You say you've made all of your preparations, but what about your loved ones? They aren't getting a chance to prepare if you don't tell them. You may also change your mind as time goes on or as things progress. Give people a chance to say goodbye including yourself.
I've recently been diagnosed with colon cancer. I will not stay until the end. I've made proper arrangements to check myself out, it'll be done peacefully in my house. I've also taken care of my will and I've already paid for the cremation.
However, I still haven't decided what to do in regards to my family and friends. I don't know if I should tell them about the disease or if it'll be easier if they find it all once I'm already dead. Still, I would like to say goodbye but I'm afraid it'll be a red flag since I'm not usually very expressive.
What would you prefer if it was your family member?
You probably should tell them about it, although you don't have to give all the details.
You should also be aware that a suicide could be a crimp in your funeral plans. Suicides are investigated as homicides, and if no one knows how sick you are, it might extend out the investigation.

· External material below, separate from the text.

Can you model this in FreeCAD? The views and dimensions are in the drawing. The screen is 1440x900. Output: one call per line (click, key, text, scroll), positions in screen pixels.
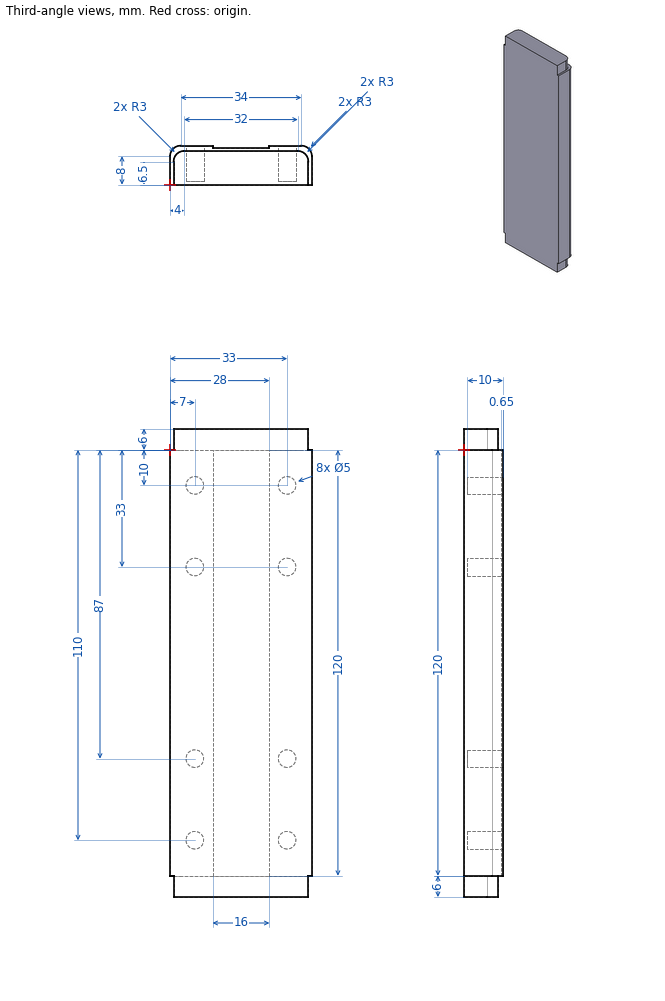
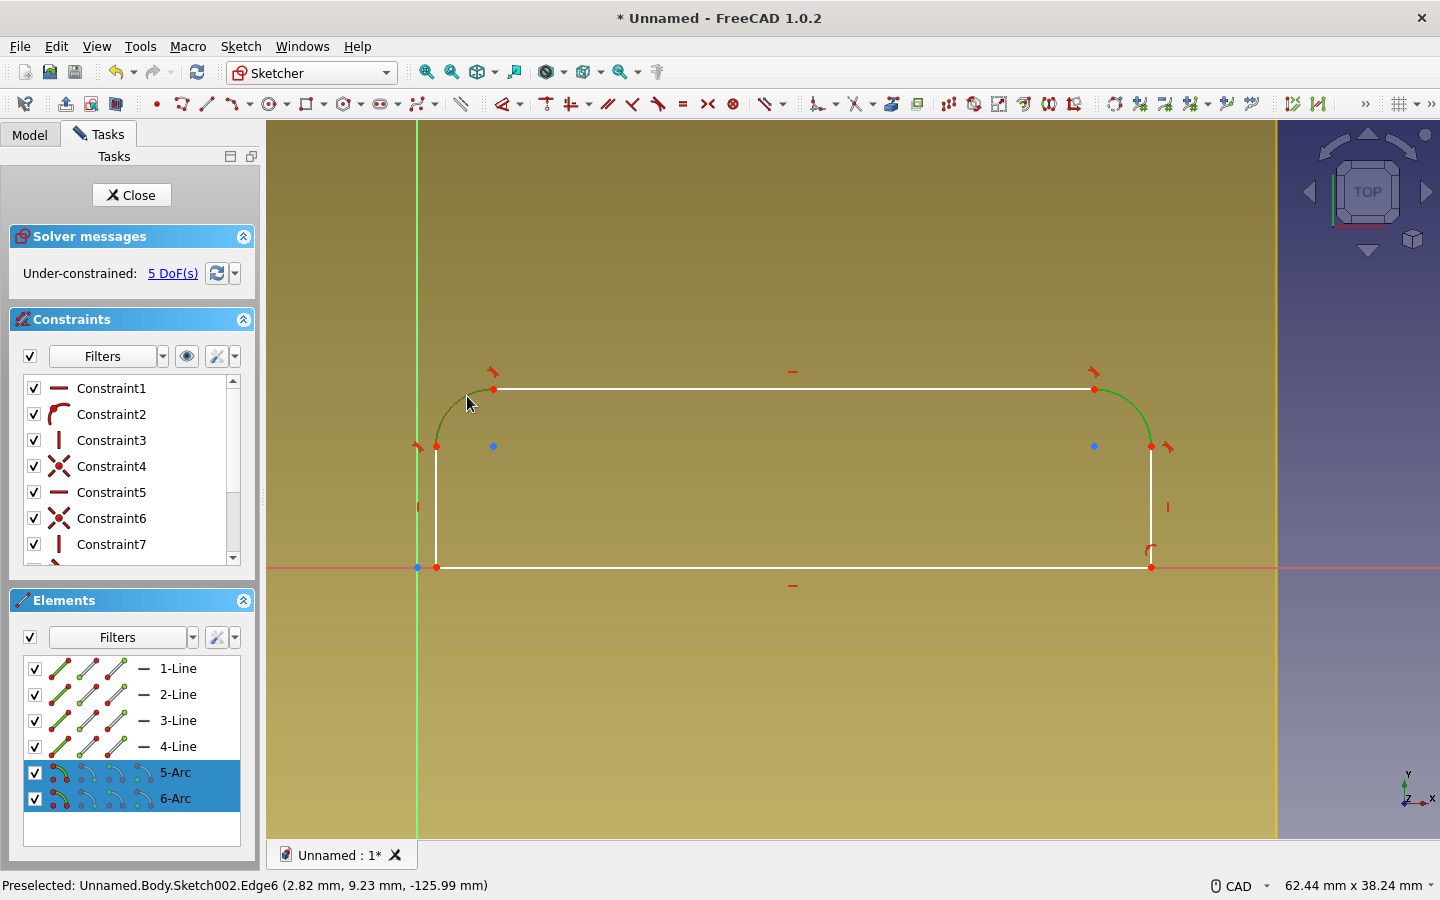
click(683, 104)
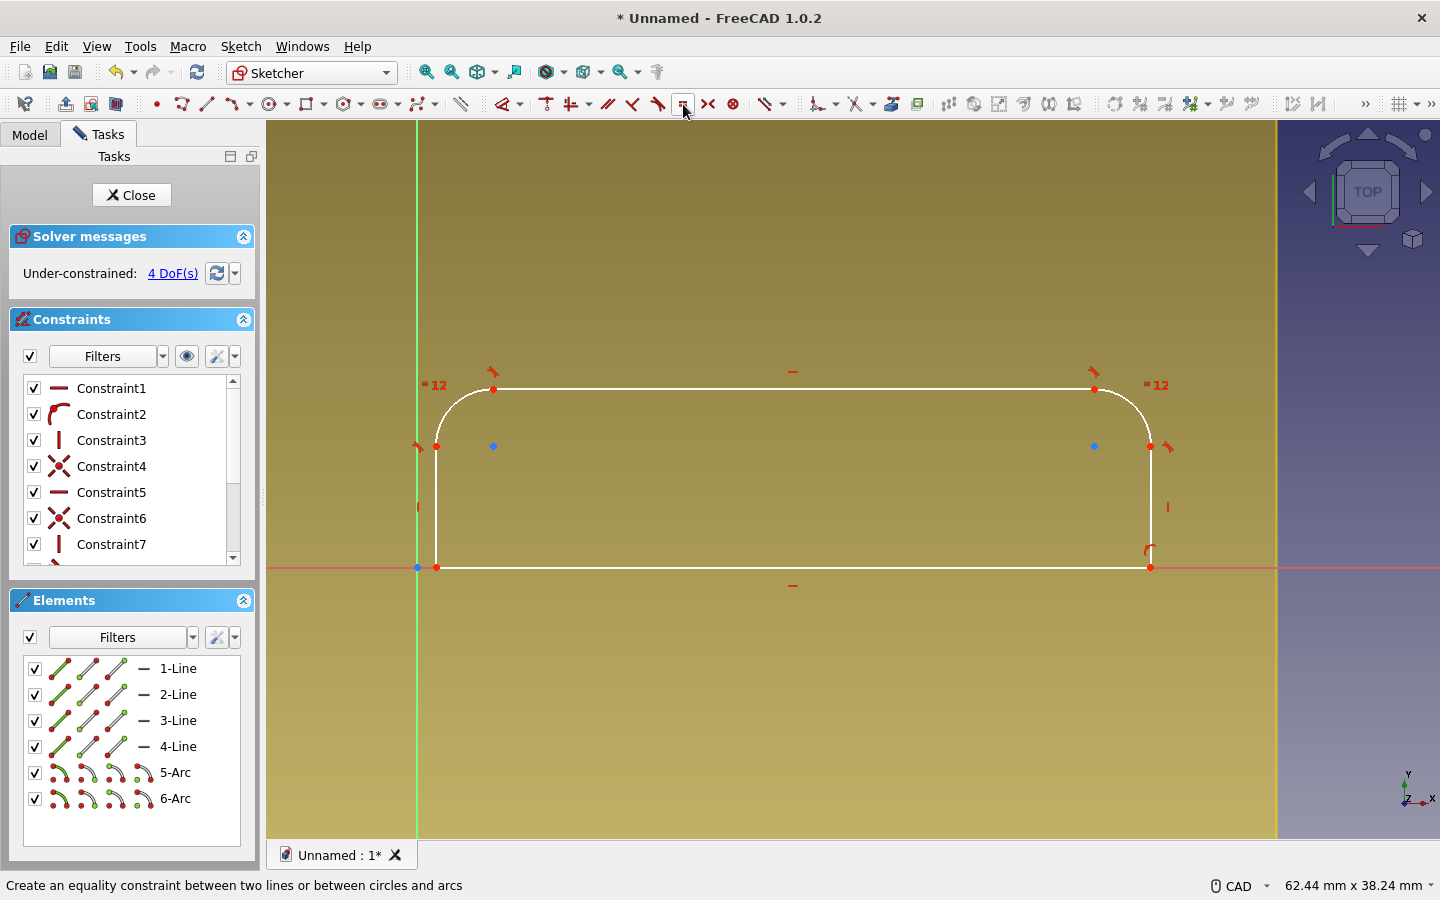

You should also be aware that a suicide could be a crimp in your funeral plans. Suicides are investigated as homicides, and if no one knows how sick you are, it might extend out the investigation.
I'm sure your mind is set and my thoughts are with you whatever you decide. I just wanted to share that I know of two people (male and female) who beat stage 4 colon cancer and went on to live beautiful lives - they are still with us.
Hey, if you are not on palliative care yet, then show IS going on. Advanced drugs can do a lot an extend your life and let you appreciate life and view it from totally different perspective. Don't give up.